The Notch signaling cascade carries out cross-talk with all other signaling cascades involved in stem cell identity and fate, such as the Wnt, TGF-beta/BMP, SHH, and growth-factor-receptor tyrosine kinase pathways (Carlson and Conboy 2007). With regard to epithelial cell proliferation, TGF-beta and Notch are well-established cytostatic factors. Moreover, the two factors act in cooperation through the cell-cycle inhibitor p21, and TGF-beta induces the expression of the Notch ligand Jagged1 (Zavadil et al. 2004; Niimi et al. 2007). Although antagonistic effects between TGF-beta and Notch signaling have also been described (for a review, see Kluppel and Wrana 2005), we might speculate that TGF-beta1 regulates neural stem cell self-renewal and eventually asymmetric cell division and chromosomal segregation by modulating Notch signaling.
Another aspect that needs to be considered is the tight control of the transition between cell proliferation and migration in neurogenesis. De-regulation of proteins involved in the regulation of neuronal migration might be involved in chromosomal segregation and centrosomal function. Evidence supporting this hypothesis derives from experiments in which proteins originally associated with functions in neuronal migration, such as the family of DCX proteins, have recently been implicated in the control of nucleokinesis, the orientation of spindle apparatus, mitotic checkpoint control, and chromosome separation (Faulkner et al. 2000; Couillard-Despres et al. 2004; Siller et al. 2005; Toyo-Oka et al. 2005). Moreover, DCX expression has been correlated with the invasiveness of brain tumors, although it suppresses proliferation and the malignant phenotype in glioblastoma (Santra et al. 2006). TGF-beta might be involved in such processes, since it regulates DCX expression (Karl et al. 2005).
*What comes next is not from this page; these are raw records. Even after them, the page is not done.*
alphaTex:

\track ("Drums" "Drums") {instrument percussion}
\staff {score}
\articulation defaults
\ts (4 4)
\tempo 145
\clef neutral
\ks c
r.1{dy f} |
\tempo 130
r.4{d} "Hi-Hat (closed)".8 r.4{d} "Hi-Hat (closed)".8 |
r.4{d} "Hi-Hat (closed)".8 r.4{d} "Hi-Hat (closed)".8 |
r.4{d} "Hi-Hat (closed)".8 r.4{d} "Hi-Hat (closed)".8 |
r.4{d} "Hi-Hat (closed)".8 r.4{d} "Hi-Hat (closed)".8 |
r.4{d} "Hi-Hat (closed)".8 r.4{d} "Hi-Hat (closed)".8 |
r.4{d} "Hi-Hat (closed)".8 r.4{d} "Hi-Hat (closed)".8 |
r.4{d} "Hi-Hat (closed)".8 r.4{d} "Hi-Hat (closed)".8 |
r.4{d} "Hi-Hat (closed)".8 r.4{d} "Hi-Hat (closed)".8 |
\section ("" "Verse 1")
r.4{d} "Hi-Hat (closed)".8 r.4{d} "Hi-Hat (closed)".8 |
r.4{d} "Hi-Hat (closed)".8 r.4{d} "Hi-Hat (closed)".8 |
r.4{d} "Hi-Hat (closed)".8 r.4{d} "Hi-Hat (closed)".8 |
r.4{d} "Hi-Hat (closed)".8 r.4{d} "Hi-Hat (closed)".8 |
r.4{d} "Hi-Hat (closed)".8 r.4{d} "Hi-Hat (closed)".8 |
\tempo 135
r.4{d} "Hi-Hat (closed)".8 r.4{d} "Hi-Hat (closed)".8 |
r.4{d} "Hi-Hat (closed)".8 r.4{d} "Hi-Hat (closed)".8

TGF-beta in brain tumor and tumor progression
In healthy tissue and in low-grade epithelial tumors, TGF-beta inhibits cell proliferation and therefore is considered a classical tumor-suppressor protein. During tumor progression, TGF-beta transforms into an oncogene by an autocrine mechanism of growth stimulation (for reviews, see Derynck et al. 2001; Wakefield and Roberts 2002; Roberts and Wakefield 2003; Siegel and Massague 2003; Seoane 2006). In addition, TGF-beta is a key mediator in other aspects of pathobiology of malignant gliomas: (1) tissue invasion and metastasis (Platten et al. 2000; Hau et al. 2006; Arslan et al. 2007), (2) angiogenesis (Stiles et al. 1997), and (3) evasion from immune attack (Cordenonsi et al. 2007). Therefore, TGF might become a major molecular target in brain-tumor therapy, especially as it is frequently and highly expressed in brain tumors, in particular gliomas (Derynck et al. 1987; Samuels et al. 1989; Constam et al. 1992; Jachimczak et al. 1996; Kjellman et al. 2000; Platten et al. 2001).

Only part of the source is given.